Whatever can be seen to define Reformed theology in its infancy is ordered to what defines it in its maturity. Surely, the mature Reformed orthodox (in many ways, still the high watermark for what it is to be Reformed), whatever their parentage and whatever their proximate interlocutors, were concerned not to be “Reformed,” so as not to be Lutheran on the main; and they were not concerned to be “Reformed,” as anything of substance at all, except insofar as this meant being a catholic in the present condition of some protest. Reformed theology falls on one side of a dividing line (the other being Roman Catholic), but it is still intently aimed and driving toward the very center. Its wheels are bent into the line, even if its forward track persists only in parallel and as a step off. What I want for today is for Reformed theology to be this: the thing under the genus of “catholic,” contracted by the specific difference “Protestant.” We must resist the temptation to make Reformed theology as a thing over against Lutheran, or Anglican, or Baptist, and instead fold it out of something much more beautiful.

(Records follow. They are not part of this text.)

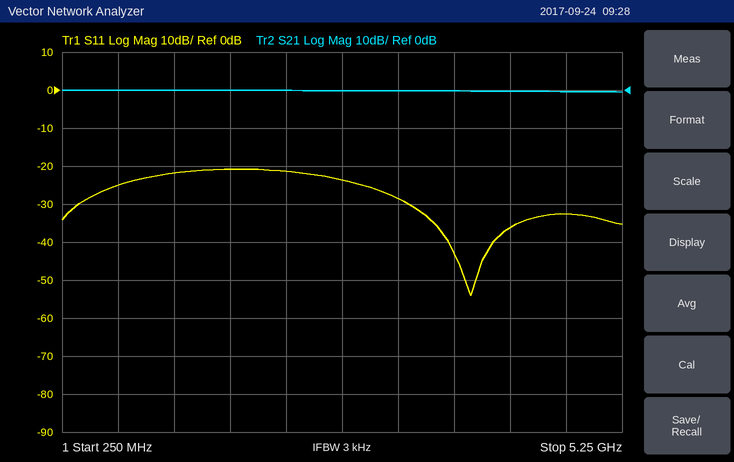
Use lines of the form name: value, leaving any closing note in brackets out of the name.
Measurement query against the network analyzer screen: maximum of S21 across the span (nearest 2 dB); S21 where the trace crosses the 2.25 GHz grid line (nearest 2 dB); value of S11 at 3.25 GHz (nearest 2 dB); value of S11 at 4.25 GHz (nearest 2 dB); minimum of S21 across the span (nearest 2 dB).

maximum of S21 across the span: 0 dB
S21 where the trace crosses the 2.25 GHz grid line: 0 dB
value of S11 at 3.25 GHz: -28 dB
value of S11 at 4.25 GHz: -36 dB
minimum of S21 across the span: 0 dB
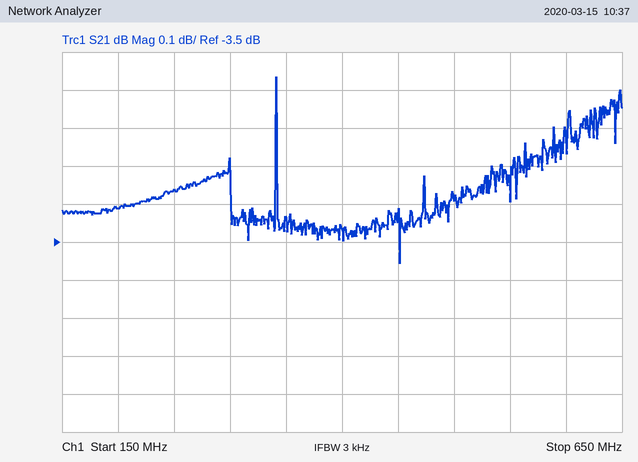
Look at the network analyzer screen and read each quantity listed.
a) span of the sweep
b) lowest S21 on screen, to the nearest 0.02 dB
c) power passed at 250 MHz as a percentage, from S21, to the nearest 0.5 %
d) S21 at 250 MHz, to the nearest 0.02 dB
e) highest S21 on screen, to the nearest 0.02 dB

500 MHz
-3.56 dB
46.0 %
-3.36 dB
-3.06 dB
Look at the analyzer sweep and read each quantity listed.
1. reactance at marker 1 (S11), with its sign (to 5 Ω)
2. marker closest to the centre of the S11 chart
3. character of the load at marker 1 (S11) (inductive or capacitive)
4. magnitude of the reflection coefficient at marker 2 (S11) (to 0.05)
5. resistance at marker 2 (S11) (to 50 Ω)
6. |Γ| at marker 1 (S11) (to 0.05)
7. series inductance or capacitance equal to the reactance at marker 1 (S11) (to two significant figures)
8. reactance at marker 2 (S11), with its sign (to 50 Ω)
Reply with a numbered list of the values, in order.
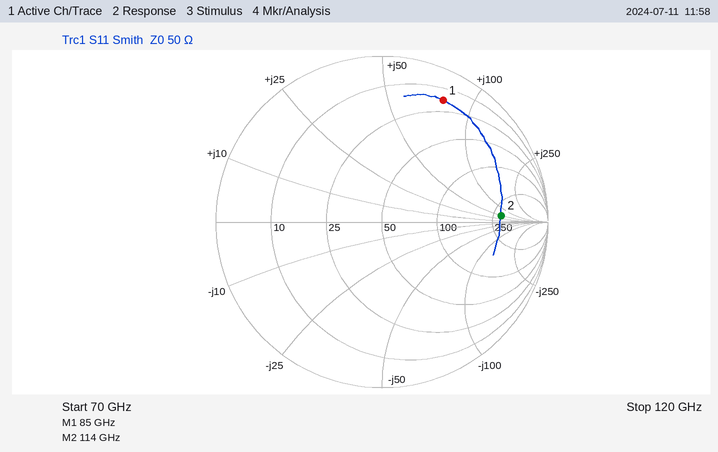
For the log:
1. +80 Ω
2. marker 2
3. inductive
4. 0.70
5. 300 Ω
6. 0.80
7. 150 pH
8. +50 Ω
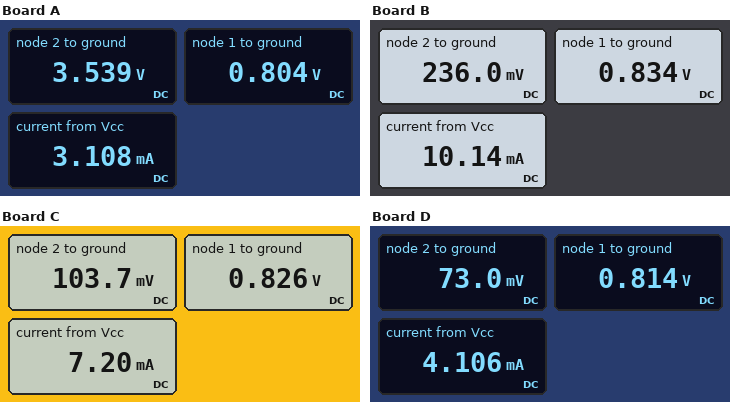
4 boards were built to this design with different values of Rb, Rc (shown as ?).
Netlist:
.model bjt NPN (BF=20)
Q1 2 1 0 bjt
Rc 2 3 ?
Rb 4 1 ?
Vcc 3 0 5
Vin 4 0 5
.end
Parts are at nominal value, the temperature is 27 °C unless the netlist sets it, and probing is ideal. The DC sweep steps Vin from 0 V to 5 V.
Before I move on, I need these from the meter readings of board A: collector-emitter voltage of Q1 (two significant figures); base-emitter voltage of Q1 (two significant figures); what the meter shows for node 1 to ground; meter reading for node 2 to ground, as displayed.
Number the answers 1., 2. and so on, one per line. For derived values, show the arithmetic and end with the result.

1. 3.539 V = 3.5 V
2. 804 mV = 800 mV
3. 0.804 V
4. 3.539 V
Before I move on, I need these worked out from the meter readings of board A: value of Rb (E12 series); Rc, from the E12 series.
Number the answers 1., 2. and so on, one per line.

1. 27 kΩ
2. 470 Ω
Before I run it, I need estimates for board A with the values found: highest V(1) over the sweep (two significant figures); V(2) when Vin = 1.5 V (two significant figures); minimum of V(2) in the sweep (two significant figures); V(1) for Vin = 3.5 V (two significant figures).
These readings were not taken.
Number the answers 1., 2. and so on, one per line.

1. 800 mV
2. 4.7 V
3. 3.5 V
4. 790 mV
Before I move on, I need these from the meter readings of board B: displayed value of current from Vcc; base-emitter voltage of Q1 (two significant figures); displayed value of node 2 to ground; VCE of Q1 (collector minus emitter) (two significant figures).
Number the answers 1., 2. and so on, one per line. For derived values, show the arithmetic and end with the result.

1. 10.14 mA
2. 834 mV = 830 mV
3. 236.0 mV
4. 236 mV = 240 mV
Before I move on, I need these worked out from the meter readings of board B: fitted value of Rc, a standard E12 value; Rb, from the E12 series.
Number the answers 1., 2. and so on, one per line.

1. 470 Ω
2. 8.2 kΩ
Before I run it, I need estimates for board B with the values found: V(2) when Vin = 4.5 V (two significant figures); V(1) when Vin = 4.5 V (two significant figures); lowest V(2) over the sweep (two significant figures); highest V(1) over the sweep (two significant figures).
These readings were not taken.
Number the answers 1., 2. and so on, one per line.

1. 790 mV
2. 830 mV
3. 240 mV
4. 830 mV
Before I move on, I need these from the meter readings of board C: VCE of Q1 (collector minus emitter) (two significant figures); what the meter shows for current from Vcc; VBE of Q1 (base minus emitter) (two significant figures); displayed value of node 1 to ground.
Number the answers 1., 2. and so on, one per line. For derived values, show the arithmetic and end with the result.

1. 103.7 mV = 100 mV
2. 7.20 mA
3. 826 mV = 830 mV
4. 0.826 V
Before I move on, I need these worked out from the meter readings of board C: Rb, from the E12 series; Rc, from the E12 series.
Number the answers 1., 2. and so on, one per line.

1. 8.2 kΩ
2. 680 Ω
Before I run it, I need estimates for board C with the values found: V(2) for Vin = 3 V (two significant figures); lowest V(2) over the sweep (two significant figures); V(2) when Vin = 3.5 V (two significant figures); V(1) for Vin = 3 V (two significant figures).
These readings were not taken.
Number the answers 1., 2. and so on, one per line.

1. 1.4 V
2. 100 mV
3. 560 mV
4. 820 mV
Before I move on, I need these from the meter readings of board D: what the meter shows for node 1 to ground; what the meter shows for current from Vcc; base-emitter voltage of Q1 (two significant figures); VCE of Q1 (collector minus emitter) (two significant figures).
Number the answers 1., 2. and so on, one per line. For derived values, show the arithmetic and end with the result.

1. 0.814 V
2. 4.106 mA
3. 814 mV = 810 mV
4. 73 mV = 73 mV
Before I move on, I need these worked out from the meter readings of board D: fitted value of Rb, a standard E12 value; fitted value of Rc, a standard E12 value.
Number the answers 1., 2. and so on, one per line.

1. 8.2 kΩ
2. 1.2 kΩ
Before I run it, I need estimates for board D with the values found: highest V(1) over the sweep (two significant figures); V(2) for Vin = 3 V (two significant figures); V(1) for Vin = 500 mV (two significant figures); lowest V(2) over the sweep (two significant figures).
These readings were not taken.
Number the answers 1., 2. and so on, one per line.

1. 810 mV
2. 110 mV
3. 500 mV
4. 73 mV

In other, less principal declarations, Reformed theology will carry its own tune in conversation with its interlocutors, all under the banner of the catholic church. With Roman Catholics, Reformed theology will remain distinct in how it understands what is (for the most part) identical in dogmatic position. There will be fewer central (and so more uncertain because derivative) dogmatic claims disagreed upon as a result of this difference in systematic understanding. There are of course elements in “Reformed” theology that are distinct or proper to it, but not of its essence; they are distinct, more as a consequence of a discernibly unique space for development, that serve as an “echo chamber” and the opportunity for intensifying certain ideas. These become “markers” of Reformed theology rather than its constituting features, and some will be warts rather than features of a face. Likewise, Reformed theology will remain distinct from, for instance, Lutherans, on issues of sacraments or polity. But these and others are incidental to itself and of its outer garb, not the stuff of its heart and love of its soul. Reformed theology has as its chief joy the privilege of joining the chorus of the church’s praise to God, who is declared to all as with one voice.
R. M. Hurd is a systematic theologian and teaching fellow with The Davenant Institute.